Il est similaire au processeur d’un ordinateur portable ou d’un ordinateur. Le processeur d’un ordinateur reçoit des informations du clavier, de la souris, du stockage et des logiciels, les traite, puis produit un résultat sur l’écran ou via un autre périphérique.
Un CPU de PLC fonctionne de manière similaire, mais pour le contrôle industriel.
Il reçoit des informations d’entrée provenant de capteurs, d’interrupteurs, d’instruments, de départs MCC, de variateurs de vitesse (VFD) et d’autres appareils de terrain. Ensuite, il traite ces informations selon le programme du PLC. Après avoir vérifié la logique, il envoie des commandes de sortie aux relais, contacteurs, VFD, voyants, alarmes, vannes ou autres équipements.
Par exemple, si un capteur de niveau indique au PLC que le niveau d’eau est bas, le CPU vérifie la logique du programme. Si le système est en mode automatique, que le disjoncteur est fermé, qu’il n’y a pas de défaut et que la pompe est autorisée à fonctionner, le CPU du PLC envoie une commande de démarrage au MCC ou au VFD.
Le CPU remplit donc trois fonctions importantes :
- Il reçoit des informations du terrain.
- Il prend des décisions selon le programme.
- Il envoie des commandes pour faire réagir le système.
Dans certains systèmes PLC compacts, le CPU et l’IHM peuvent être intégrés dans le même appareil. Dans d’autres systèmes, le CPU est uniquement le contrôleur, tandis que l’IHM est installée séparément sur la porte de l’armoire.

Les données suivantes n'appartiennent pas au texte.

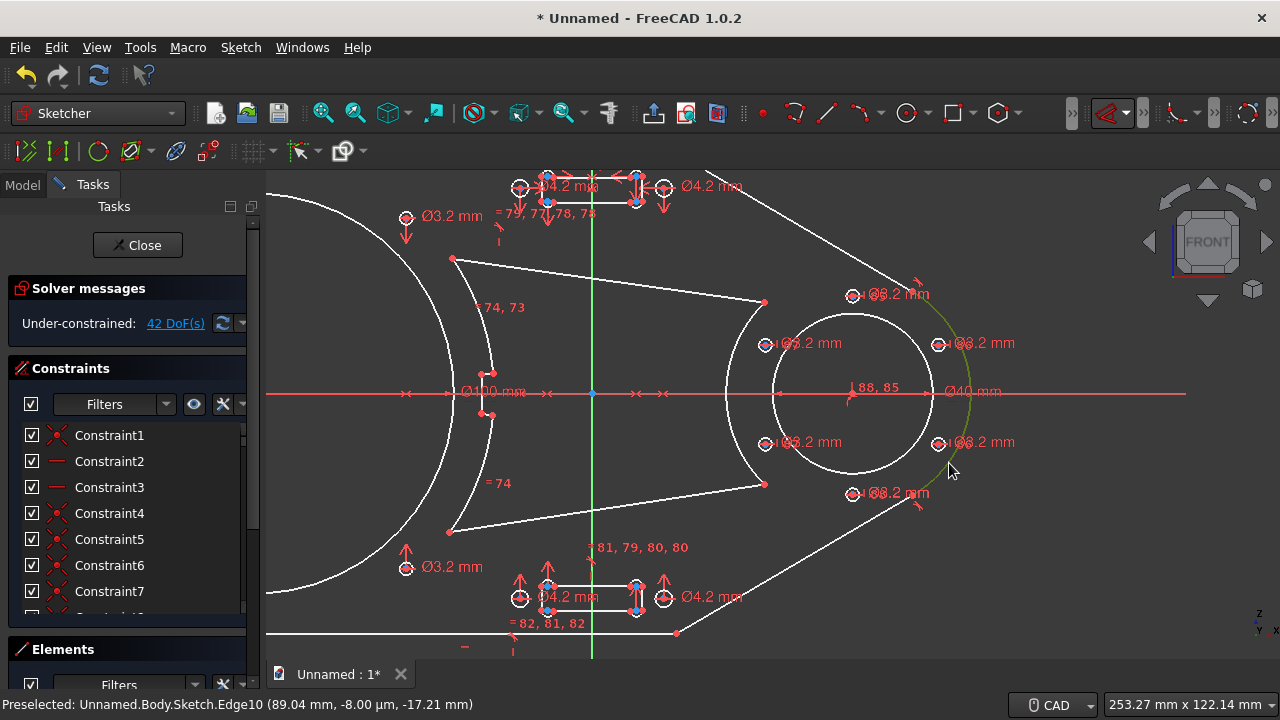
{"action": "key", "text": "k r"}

Pour la conception de l’armoire, le CPU est crucial car il détermine la plateforme de contrôle, le logiciel de programmation, les options de communication, la capacité d’extension et la structure de l’ensemble du système de contrôle.
Section des E/S numériques

Les E/S numériques sont utilisées pour les signaux simples de type MARCHE/ARRÊT.
On les appelle numériques car le signal n’a que deux états :
1 ou 0
MARCHE ou ARRÊT
Oui ou Non
Ouvert ou Fermé
En marche ou Arrêté
Défaut ou Normal
En d’autres termes, les E/S numériques ne décrivent pas une valeur changeante comme la pression, la température ou la vitesse. Elles indiquent seulement au PLC si une condition existe ou non.
Une entrée numérique est un signal reçu par le PLC.
Par exemple, le PLC peut recevoir ces signaux :
- Disjoncteur fermé ou ouvert
- Contacteur en marche ou arrêté
- Déclenchement de surcharge ou normal
- Défaut VFD ou normal
Ces signaux aident le PLC à comprendre l’état actuel du système.
Une sortie numérique est une commande envoyée par le PLC.
Par exemple, le PLC peut envoyer ces commandes :
- Démarrer le moteur
- Arrêter le moteur
- Réinitialiser le défaut
- Allumer un voyant d’alarme
Les E/S numériques constituent donc le langage de signalisation de base entre le PLC et les appareils de terrain.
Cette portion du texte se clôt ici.